Hi everyone,
I have been playing around with PyMC for a while. I am using results of an election as my toy dataset. The dataset consists of district level votes two candidates had and the gender of voters like this:

district

candidate 1

candidate 2

total votes

male

female

place a

1000

500

1500

770

730

place b

300

600

900

400

500

…

I want to study voting preference difference between men and women; p_{male}-p_{female}. The most natural model, I feel like, is:

candidate_1 = male_1 + female_1

male_1 \sim binomial(male, p_{male})

female_1 \sim binomial(female, p_{female})

with some priors on p_{male} and p_{female}.

But this requires convolution of two Binomial distributions, which doesn’t seem straight-forward looking at the previous discussions.

Oh, I didn’t look careful at the example data. You know the number of males and female voter, but not how many each candidate got from each…

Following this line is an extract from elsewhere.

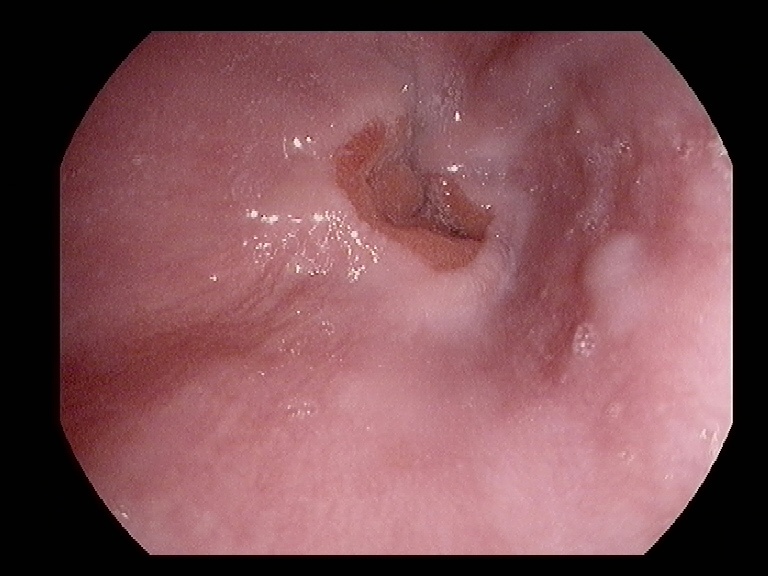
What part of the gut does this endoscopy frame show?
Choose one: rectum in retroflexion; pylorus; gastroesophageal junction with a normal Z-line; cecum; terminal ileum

gastroesophageal junction with a normal Z-line

Yeah, it sounds like you would like to have is a convolution of Binomials, or a Poisson Binomial, which is not really tractable for your large N.

Since you have a large N, and possibly not extreme p, you could use the Normal approximation to the Binomial, and then the convolution of the two normals has a closed form solution.

This is probably close in spirit to your idea of modelling p as the gender ratio (I don’t know exactly what you had in mind there though).